I'm looking for fast code to delete bookmarks from docx file opened in MS Word.
Now, I am using simple VBA macro with some experience-based improvement.
Public Sub RemoveBookmarks(ByRef doc As Document)
Dim b As Bookmark
Dim i As Long
For Each b In doc.Bookmarks
b.Delete
'There were documents freeze Word after delete only 4 bookmarks
i = i 1
If i Mod 4 = 0 Then
doc.UndoClear
End If
'to handle possible Ctrl Break
If i Mod 100 = 0 Then
DoEvents
End If
Next b
Set b = Nothing
End Sub
Very often my colleagues have large documents (over 1,2k pages) with 25k and more bookmarks. Delete this bookmarks take a lot of time.
Delete bookmarks using DocumentOpenXml and manipulate WordProcessingDocument is very fast:
public static void RemoveAllBookmarks(string fileName)
{
using (WordprocessingDocument wordDoc = WordprocessingDocument.Open(fileName, true))
{
var d = wordDoc.MainDocumentPart.Document;
var bstart = d.Descendants<BookmarkStart>().ToList();
foreach (var s in bstart)
s.Remove();
var bend = d.Descendants<BookmarkEnd>().ToList();
foreach (var e in bend)
e.Remove();
d.Save();
wordDoc.Save();
}
}
but I want to avoid close and open document in Word again, because adding and removing bookmarks is a part of larger proces. I don't want (I don't think I can) predict whether the document preparation process will be faster: just delete using VBA or close, remove and open huge file several times.
Maybe there is the solution to manipulate WordprocessingDocument underneath opened document and insert xml.
CodePudding user response:
Whenever you delete items from a collection you need to start from the end and work backwards.

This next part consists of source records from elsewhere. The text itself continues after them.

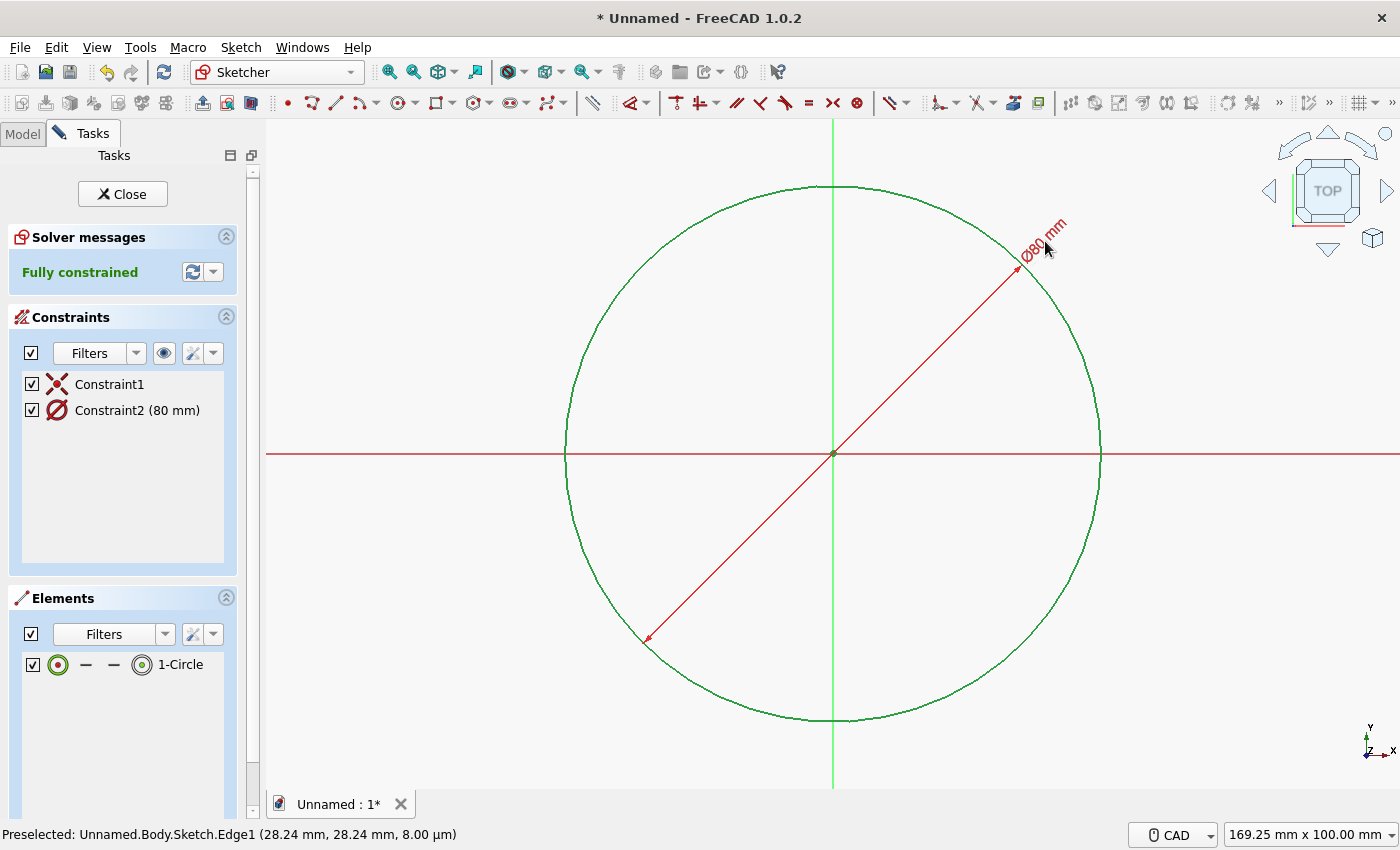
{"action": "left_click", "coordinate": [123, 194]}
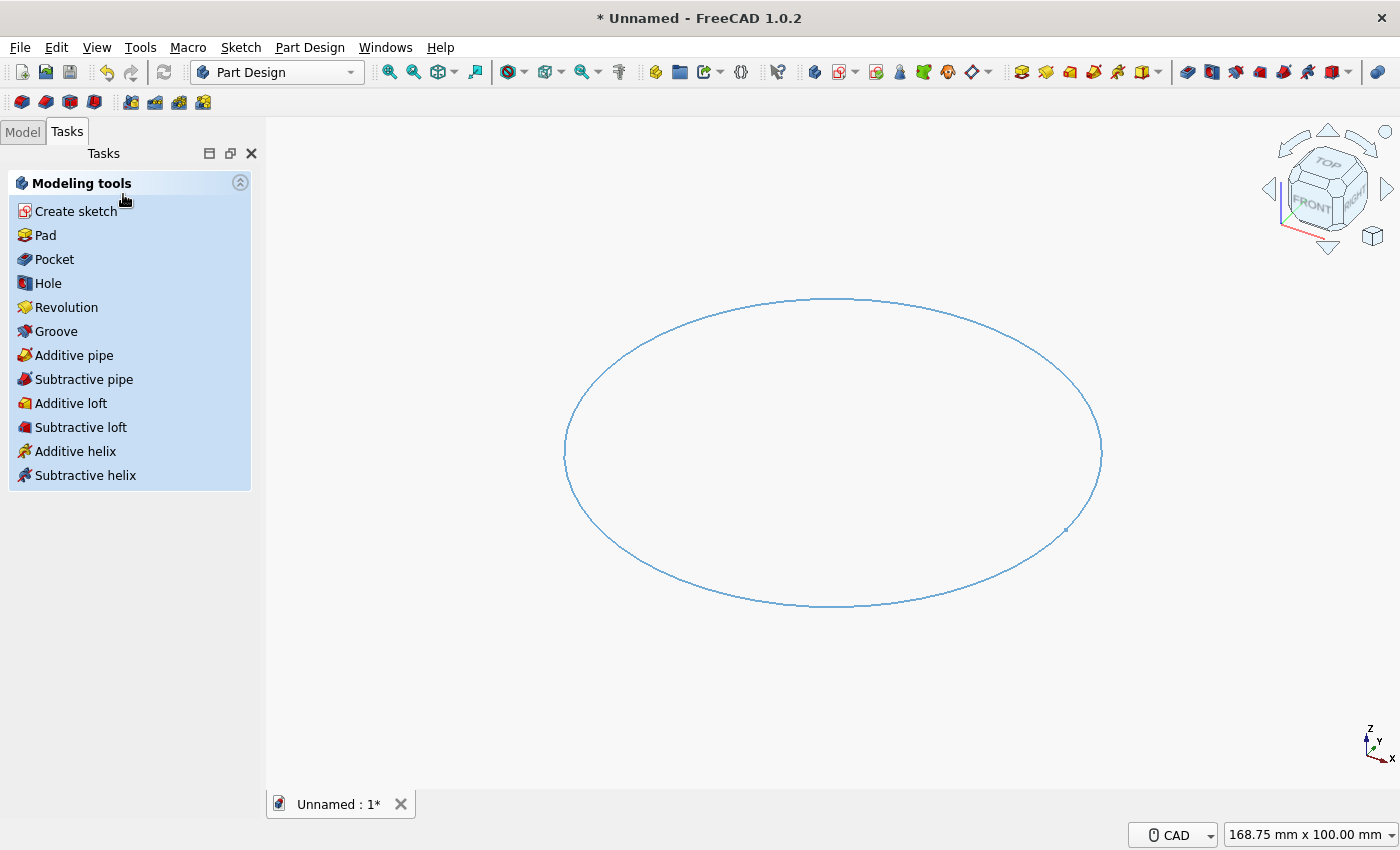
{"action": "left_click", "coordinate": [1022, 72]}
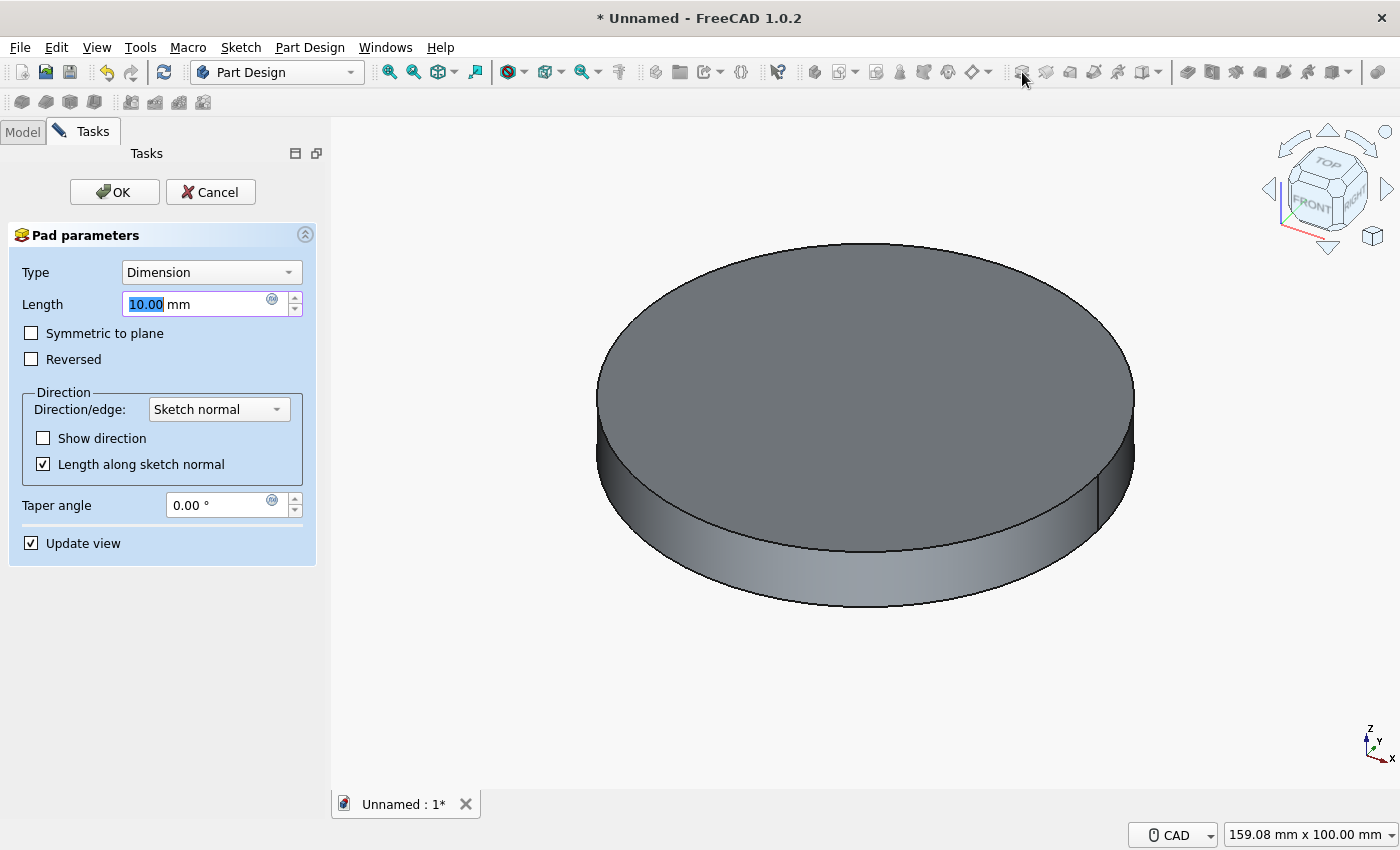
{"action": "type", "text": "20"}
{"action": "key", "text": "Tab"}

Public Sub RemoveBookmarks(ByRef doc As Document)
Dim b As Long
For b = doc.Bookmarks.Count To 1 Step -1
doc.Bookmarks(b).Delete
Next b
End Sub
CodePudding user response:
If you want to transform the already opened Word document, you can use the WordOpenXML
property of a Document
or Range
instance to get the document's or range's Open XML markup in the Flat OPC format. You can then work with that XML string in the following ways:
- Using the
DocumentFormat.OpenXml
NuGet package (Open XML SDK), you can turn the Flat OPC string into aWordprocessingDocument
and transform it as you described. - Using LINQ to XML (
System.Xml.Linq
) and theDocumentFormat.OpenXml.Linq
NuGet package, you can turn it into anXElement
and transform it without having to turn it into aWordprocessingDocument
Once you have transformed the markup, you can turn it back into a Flat OPC string and insert it back into the Word document, using the Range.InsertXML()
method.
Transforming Open XML markup is one or two orders of magnitude faster than using the COM APIs, if you need many COM calls to create the desired result. Note, though, that retrieving the Open XML markup from an opened document and inserting it back into the document is also not free.